- About this task -
Within the records below, reproduce without change the lines from the line that has "Using the netlist" through the line that has "For the board", and only those.

- Supplied records -
BEGIN

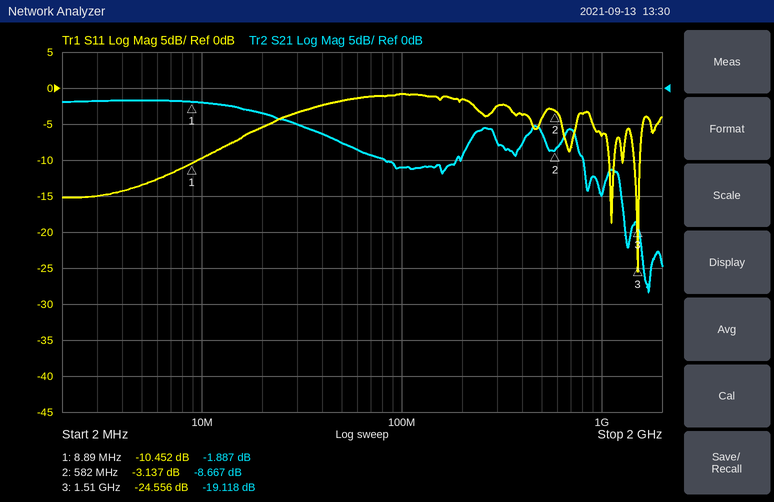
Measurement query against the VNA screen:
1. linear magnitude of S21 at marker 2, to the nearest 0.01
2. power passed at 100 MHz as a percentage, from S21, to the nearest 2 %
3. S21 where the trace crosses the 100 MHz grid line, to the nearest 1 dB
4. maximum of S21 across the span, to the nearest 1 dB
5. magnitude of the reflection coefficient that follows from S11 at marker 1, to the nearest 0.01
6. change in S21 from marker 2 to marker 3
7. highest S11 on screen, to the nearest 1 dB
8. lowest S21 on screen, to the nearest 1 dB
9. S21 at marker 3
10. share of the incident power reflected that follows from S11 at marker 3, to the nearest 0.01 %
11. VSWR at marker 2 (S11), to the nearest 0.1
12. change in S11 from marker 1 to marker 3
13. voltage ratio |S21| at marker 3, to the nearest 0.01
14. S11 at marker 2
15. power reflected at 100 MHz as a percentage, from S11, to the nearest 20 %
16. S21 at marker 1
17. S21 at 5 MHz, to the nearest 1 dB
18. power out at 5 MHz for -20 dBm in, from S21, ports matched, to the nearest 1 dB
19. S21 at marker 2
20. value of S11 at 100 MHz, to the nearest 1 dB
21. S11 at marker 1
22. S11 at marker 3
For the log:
0.37
8 %
-11 dB
-2 dB
0.30
-10.451 dB
-1 dB
-28 dB
-19.118 dB
0.35 %
5.6
-14.104 dB
0.11
-3.137 dB
80 %
-1.887 dB
-2 dB
-22 dBm
-8.667 dB
-1 dB
-10.452 dB
-24.556 dB
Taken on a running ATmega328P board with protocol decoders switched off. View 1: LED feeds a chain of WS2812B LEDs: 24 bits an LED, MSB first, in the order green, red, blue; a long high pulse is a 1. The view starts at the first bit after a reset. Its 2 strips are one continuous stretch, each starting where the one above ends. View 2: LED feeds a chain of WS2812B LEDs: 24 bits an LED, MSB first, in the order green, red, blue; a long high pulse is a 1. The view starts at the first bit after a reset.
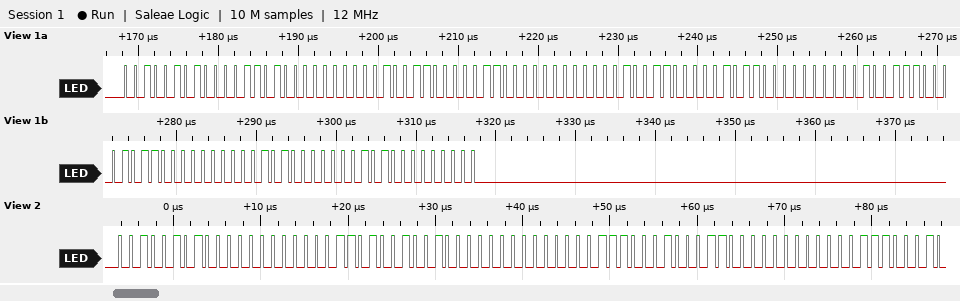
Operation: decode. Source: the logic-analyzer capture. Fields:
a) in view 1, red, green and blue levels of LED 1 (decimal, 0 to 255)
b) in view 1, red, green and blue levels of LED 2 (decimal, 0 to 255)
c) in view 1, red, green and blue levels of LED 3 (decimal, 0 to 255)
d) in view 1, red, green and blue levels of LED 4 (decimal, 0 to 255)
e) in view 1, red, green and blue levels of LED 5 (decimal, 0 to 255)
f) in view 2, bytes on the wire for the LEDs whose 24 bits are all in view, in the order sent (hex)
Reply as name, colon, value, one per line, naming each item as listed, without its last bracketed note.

in view 1, red, green and blue levels of LED 1: 13, 37, 0
in view 1, red, green and blue levels of LED 2: 12, 38, 0
in view 1, red, green and blue levels of LED 3: 11, 38, 0
in view 1, red, green and blue levels of LED 4: 11, 39, 0
in view 1, red, green and blue levels of LED 5: 10, 40, 0
in view 2, bytes on the wire for the LEDs whose 24 bits are all in view, in the order sent: 25 00 0D 24 00 0E 23 00 0E
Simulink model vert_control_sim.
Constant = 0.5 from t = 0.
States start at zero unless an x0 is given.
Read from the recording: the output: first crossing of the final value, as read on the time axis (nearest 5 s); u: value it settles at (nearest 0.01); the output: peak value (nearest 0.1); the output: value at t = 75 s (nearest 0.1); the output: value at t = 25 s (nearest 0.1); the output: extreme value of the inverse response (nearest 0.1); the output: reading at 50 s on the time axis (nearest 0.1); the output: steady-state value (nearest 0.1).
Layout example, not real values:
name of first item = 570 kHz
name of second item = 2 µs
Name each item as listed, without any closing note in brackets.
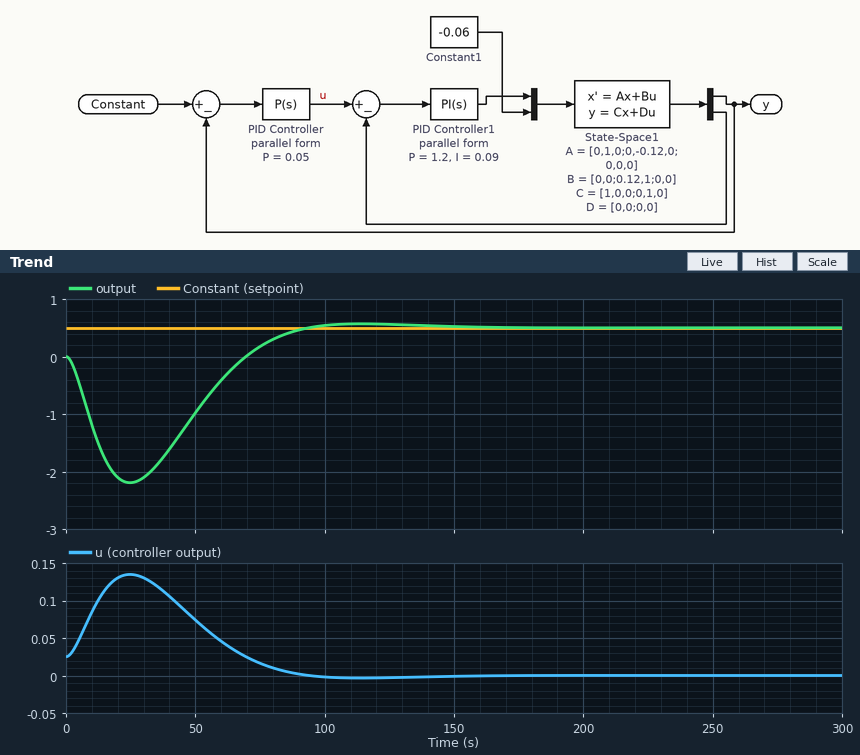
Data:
the output: first crossing of the final value, as read on the time axis = 95 s
u: value it settles at = 0.00
the output: peak value = 0.6
the output: value at t = 75 s = 0.2
the output: value at t = 25 s = -2.2
the output: extreme value of the inverse response = -2.2
the output: reading at 50 s on the time axis = -1.0
the output: steady-state value = 0.5
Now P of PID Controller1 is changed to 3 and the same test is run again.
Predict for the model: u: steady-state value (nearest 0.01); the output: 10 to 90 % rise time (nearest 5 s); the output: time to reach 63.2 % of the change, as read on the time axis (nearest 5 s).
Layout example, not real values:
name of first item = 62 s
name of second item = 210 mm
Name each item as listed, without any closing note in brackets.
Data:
u: steady-state value = 0.00
the output: 10 to 90 % rise time = 60 s
the output: time to reach 63.2 % of the change, as read on the time axis = 120 s
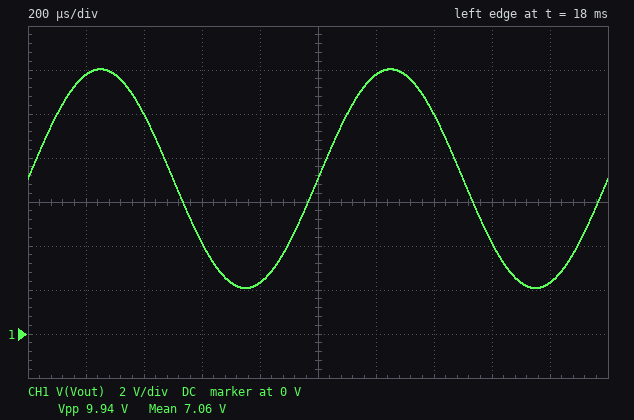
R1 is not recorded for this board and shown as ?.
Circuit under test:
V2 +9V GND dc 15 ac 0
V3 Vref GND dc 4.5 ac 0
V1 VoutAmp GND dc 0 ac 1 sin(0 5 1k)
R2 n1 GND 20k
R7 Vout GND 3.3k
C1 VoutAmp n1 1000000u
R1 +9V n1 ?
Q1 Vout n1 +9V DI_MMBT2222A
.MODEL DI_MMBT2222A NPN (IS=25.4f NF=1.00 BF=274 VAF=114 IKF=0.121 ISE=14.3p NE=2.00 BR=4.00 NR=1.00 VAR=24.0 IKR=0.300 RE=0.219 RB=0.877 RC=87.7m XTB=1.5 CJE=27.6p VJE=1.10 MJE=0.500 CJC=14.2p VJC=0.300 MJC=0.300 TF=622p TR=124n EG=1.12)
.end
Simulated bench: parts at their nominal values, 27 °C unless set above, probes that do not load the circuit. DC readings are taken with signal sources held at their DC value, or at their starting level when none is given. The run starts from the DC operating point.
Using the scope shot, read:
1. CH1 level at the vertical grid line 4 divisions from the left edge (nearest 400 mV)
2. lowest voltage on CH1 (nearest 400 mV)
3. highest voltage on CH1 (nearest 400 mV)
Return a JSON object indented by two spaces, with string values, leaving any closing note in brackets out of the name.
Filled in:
{
  "CH1 level at the vertical grid line 4 divisions from the left edge": "2.4 V",
  "lowest voltage on CH1": "2.0 V",
  "highest voltage on CH1": "12.0 V"
}
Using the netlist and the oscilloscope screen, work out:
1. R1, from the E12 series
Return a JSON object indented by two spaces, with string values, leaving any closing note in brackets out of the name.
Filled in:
{
  "R1, from the E12 series": "10 kΩ"
}
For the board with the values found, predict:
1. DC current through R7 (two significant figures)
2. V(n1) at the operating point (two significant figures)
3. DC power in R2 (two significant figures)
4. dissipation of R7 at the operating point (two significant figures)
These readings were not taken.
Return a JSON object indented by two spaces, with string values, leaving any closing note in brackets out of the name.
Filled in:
{
  "DC current through R7": "2.1 mA",
  "V(n1) at the operating point": "7.7 V",
  "DC power in R2": "3.0 mW",
  "dissipation of R7 at the operating point": "15 mW"
}
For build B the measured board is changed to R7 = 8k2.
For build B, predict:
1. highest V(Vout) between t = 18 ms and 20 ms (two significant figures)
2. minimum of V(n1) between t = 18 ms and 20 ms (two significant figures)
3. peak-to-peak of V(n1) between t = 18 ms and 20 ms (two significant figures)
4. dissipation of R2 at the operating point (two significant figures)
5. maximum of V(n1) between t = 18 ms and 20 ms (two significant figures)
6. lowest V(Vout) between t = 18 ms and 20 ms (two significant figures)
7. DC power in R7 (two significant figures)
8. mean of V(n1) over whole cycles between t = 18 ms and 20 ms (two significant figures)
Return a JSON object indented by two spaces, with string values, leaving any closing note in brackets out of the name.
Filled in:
{
  "highest V(Vout) between t = 18 ms and 20 ms": "13 V",
  "minimum of V(n1) between t = 18 ms and 20 ms": "3.9 V",
  "peak-to-peak of V(n1) between t = 18 ms and 20 ms": "10 V",
  "dissipation of R2 at the operating point": "3.9 mW",
  "maximum of V(n1) between t = 18 ms and 20 ms": "14 V",
  "lowest V(Vout) between t = 18 ms and 20 ms": "3.3 V",
  "DC power in R7": "8.3 mW",
  "mean of V(n1) over whole cycles between t = 18 ms and 20 ms": "8.9 V"
}
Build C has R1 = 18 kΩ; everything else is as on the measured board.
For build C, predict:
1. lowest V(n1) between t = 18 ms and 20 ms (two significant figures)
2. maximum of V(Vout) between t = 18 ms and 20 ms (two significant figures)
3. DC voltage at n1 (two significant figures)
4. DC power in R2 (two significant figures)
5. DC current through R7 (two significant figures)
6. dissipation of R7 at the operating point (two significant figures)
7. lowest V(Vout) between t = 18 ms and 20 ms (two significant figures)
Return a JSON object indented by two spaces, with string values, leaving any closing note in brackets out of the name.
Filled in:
{
  "lowest V(n1) between t = 18 ms and 20 ms": "670 mV",
  "maximum of V(Vout) between t = 18 ms and 20 ms": "10 V",
  "DC voltage at n1": "5.7 V",
  "DC power in R2": "1.6 mW",
  "DC current through R7": "1.5 mA",
  "dissipation of R7 at the operating point": "7.7 mW",
  "lowest V(Vout) between t = 18 ms and 20 ms": "140 mV"
}
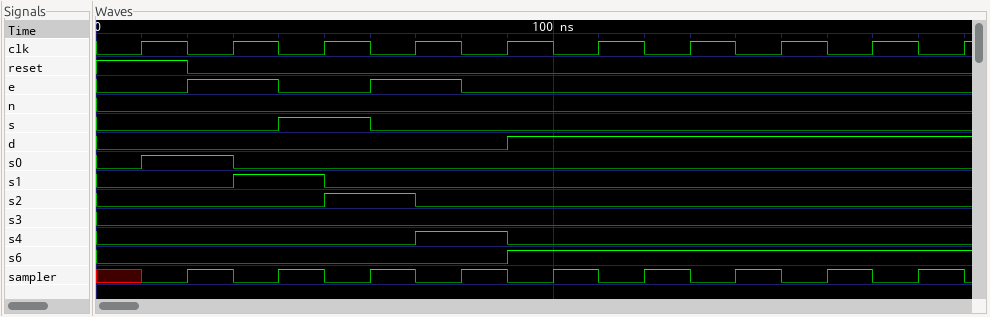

END

- Task answer -
Using the netlist and the oscilloscope screen, work out:
1. R1, from the E12 series
Return a JSON object indented by two spaces, with string values, leaving any closing note in brackets out of the name.
Filled in:
{
  "R1, from the E12 series": "10 kΩ"
}
For the board with the values found, predict:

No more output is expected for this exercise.